Your assignment:
Produce a verbatim transcript of the entries below, excluding pictures.
▬▬▬▬▬▬▬▬▬▬
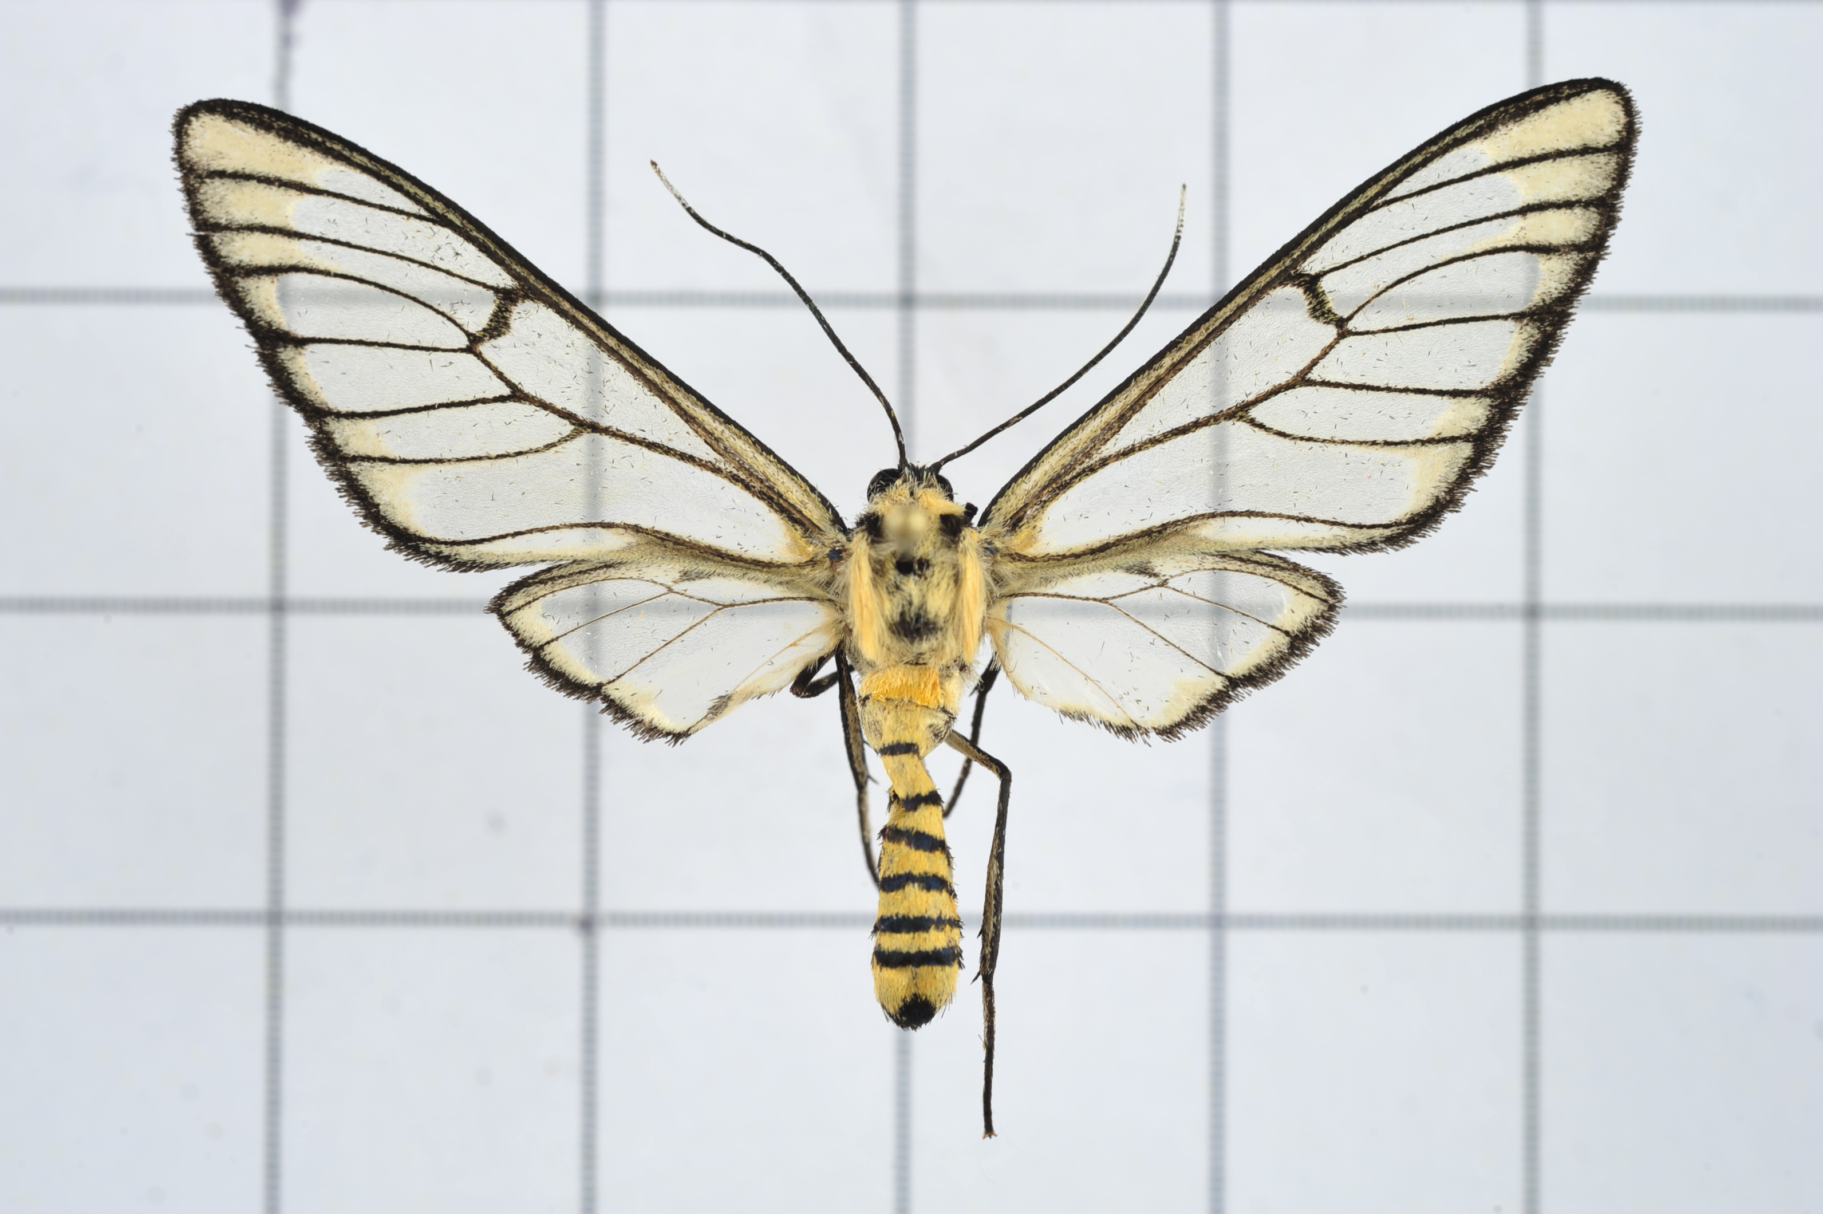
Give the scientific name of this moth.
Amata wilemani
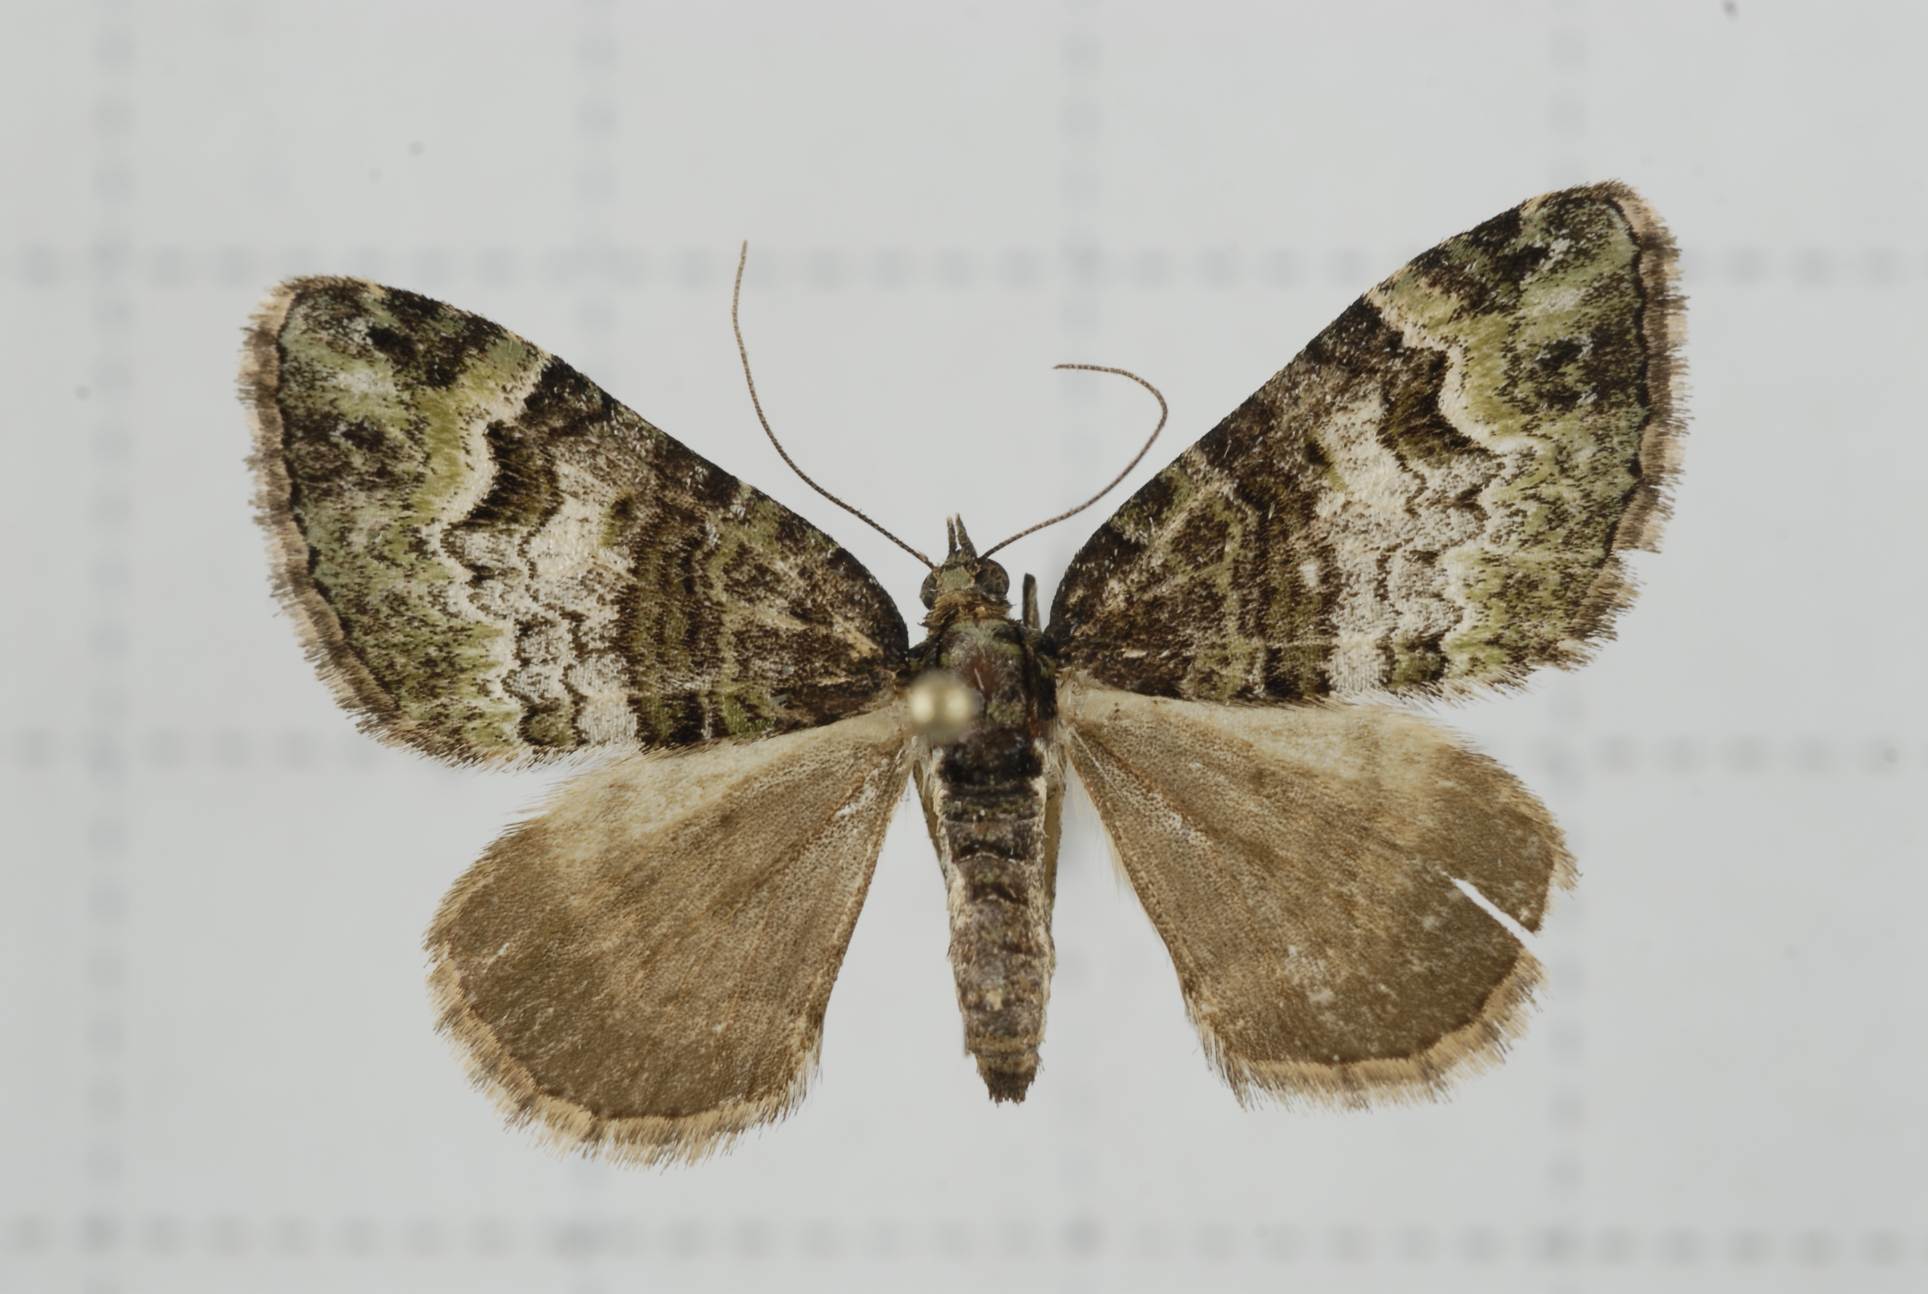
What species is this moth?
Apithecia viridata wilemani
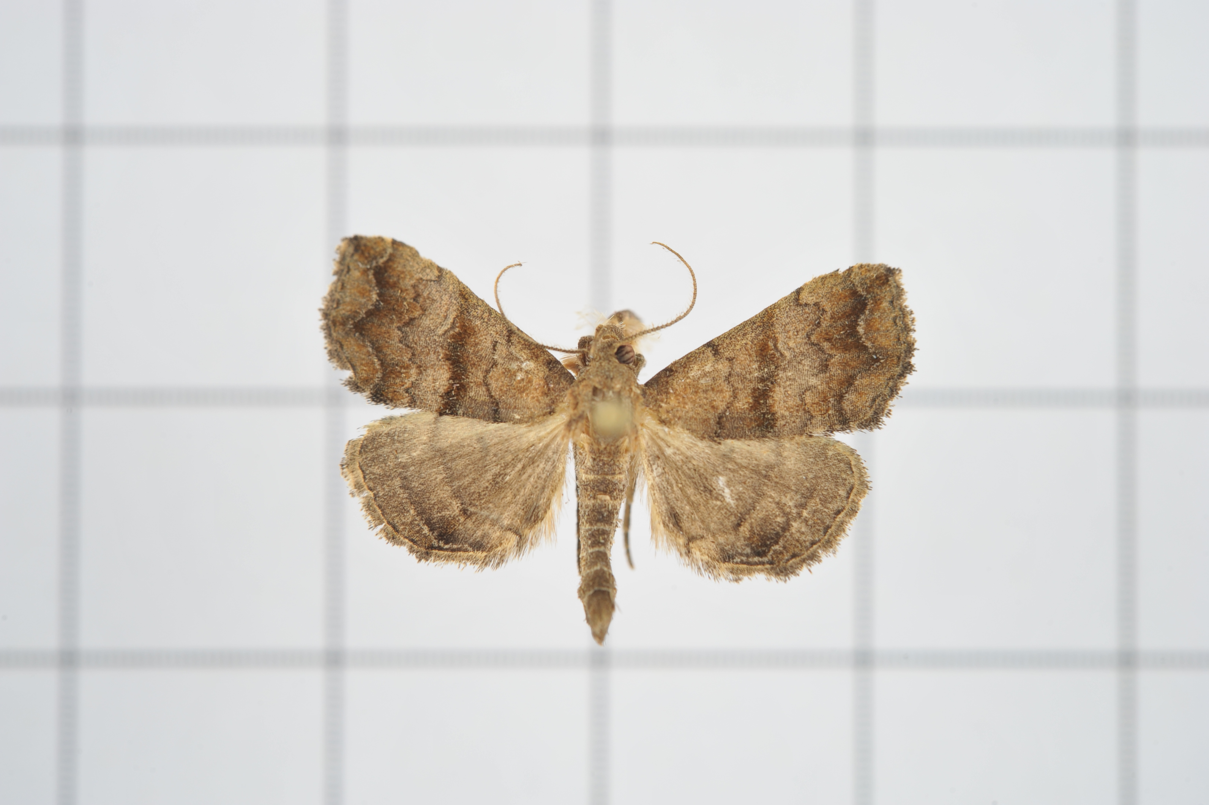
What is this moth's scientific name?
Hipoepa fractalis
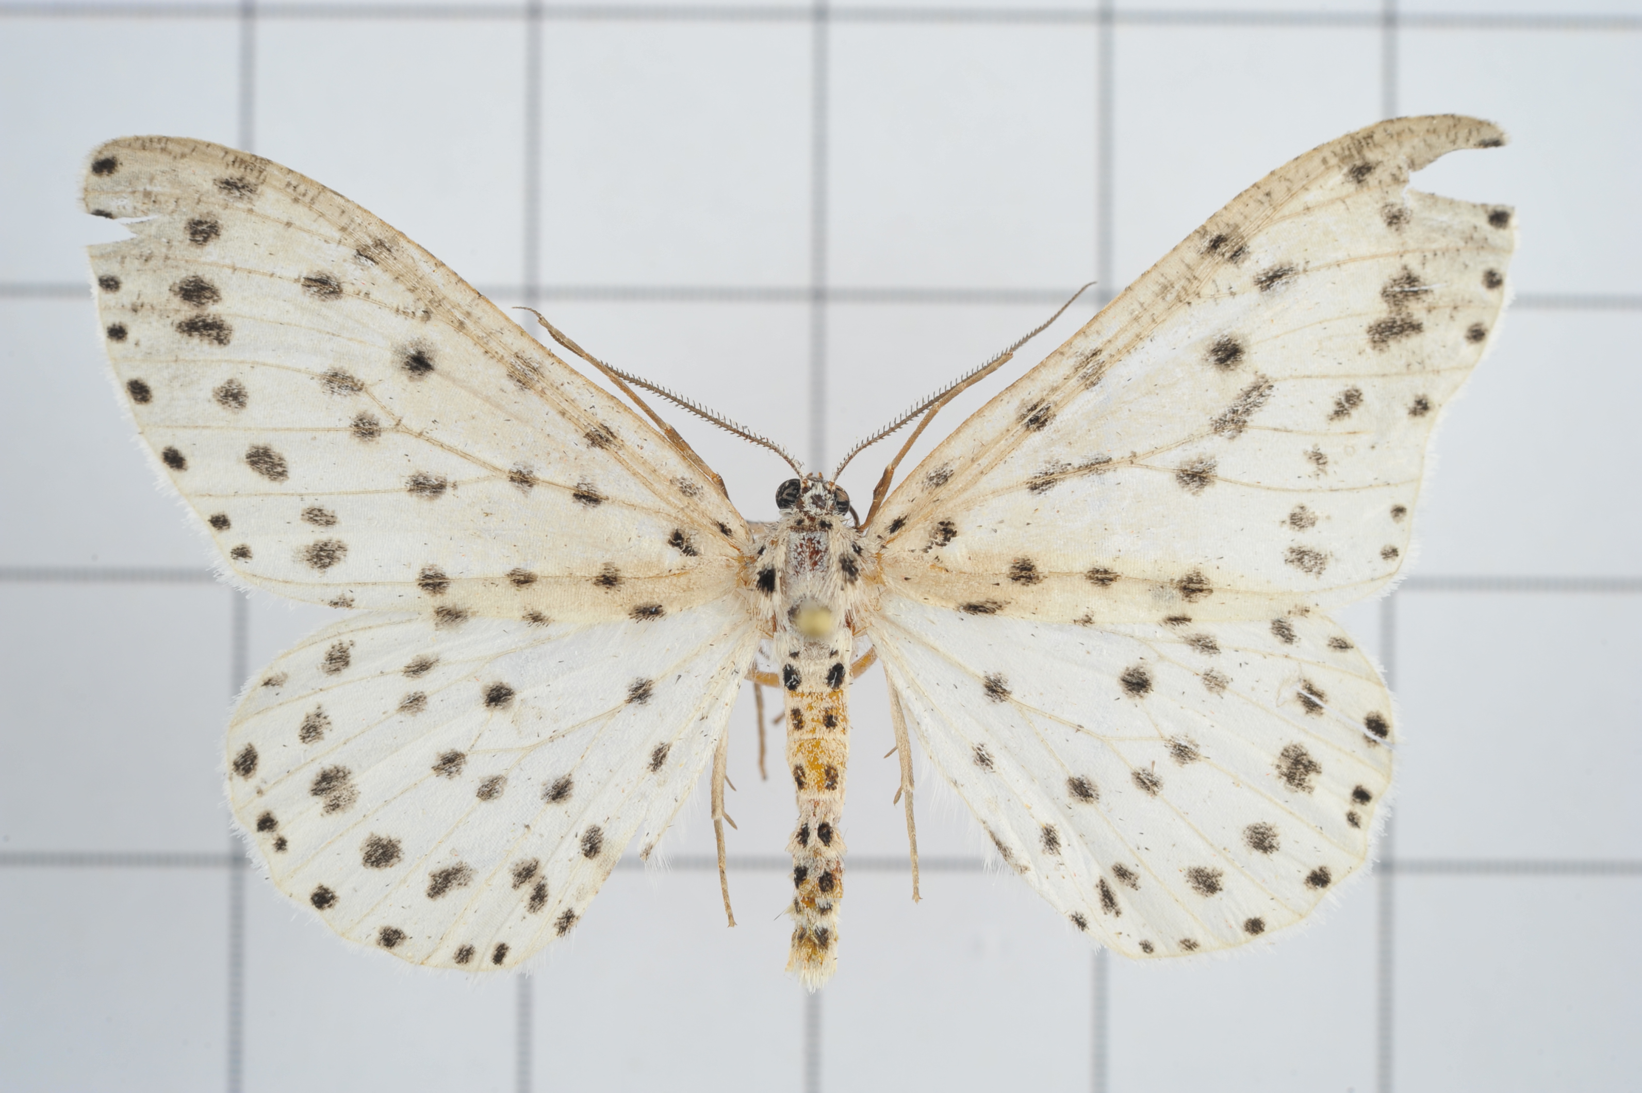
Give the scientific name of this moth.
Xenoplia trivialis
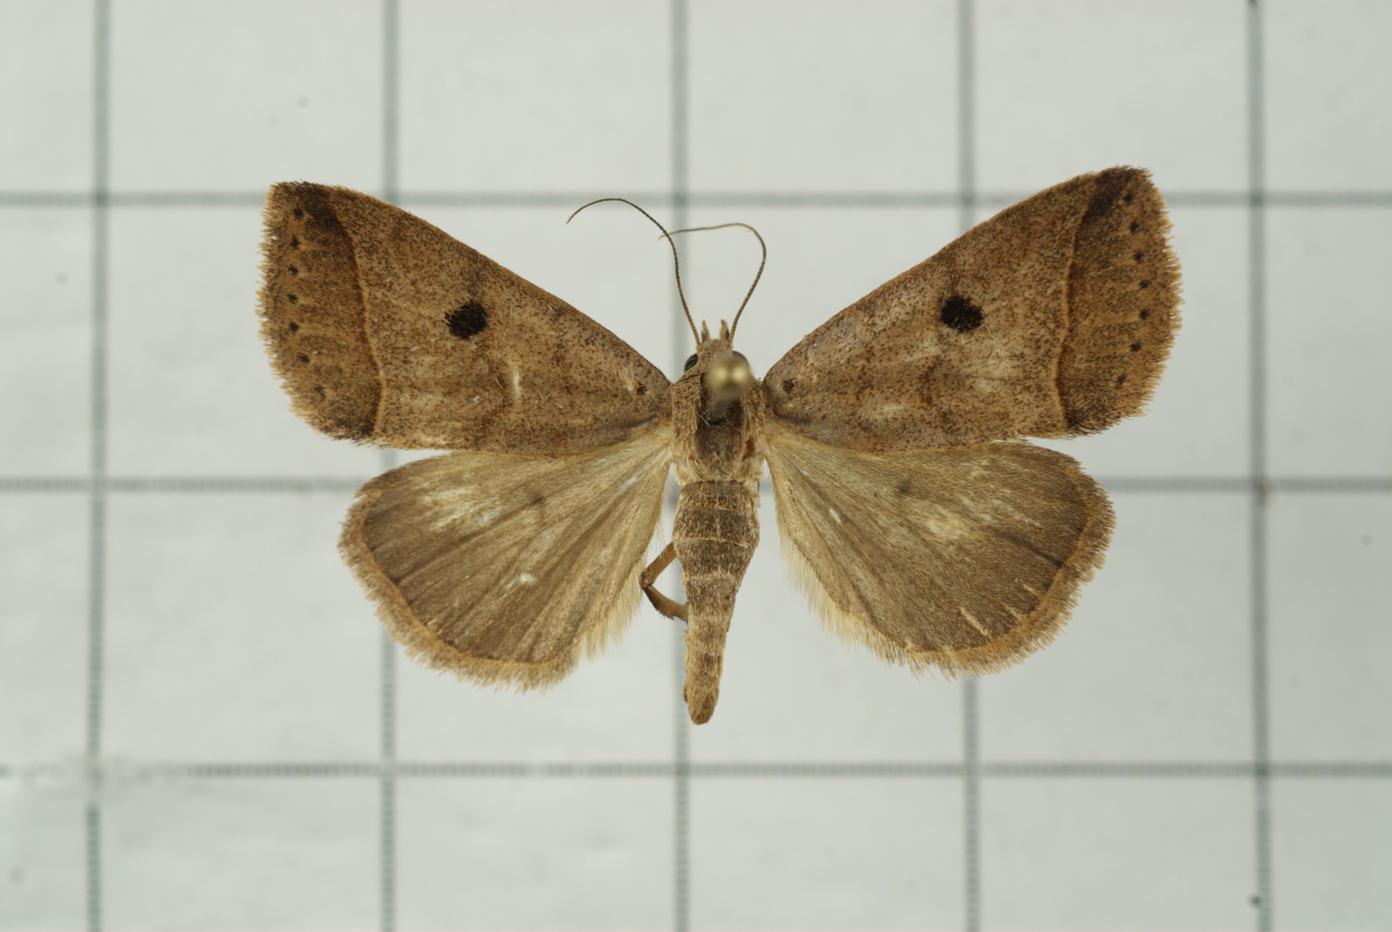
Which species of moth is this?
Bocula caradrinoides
▬▬▬▬▬▬▬▬▬▬
Answer to this task:
Give the scientific name of this moth.
Amata wilemani
What species is this moth?
Apithecia viridata wilemani
What is this moth's scientific name?
Hipoepa fractalis
Give the scientific name of this moth.
Xenoplia trivialis
Which species of moth is this?
Bocula caradrinoides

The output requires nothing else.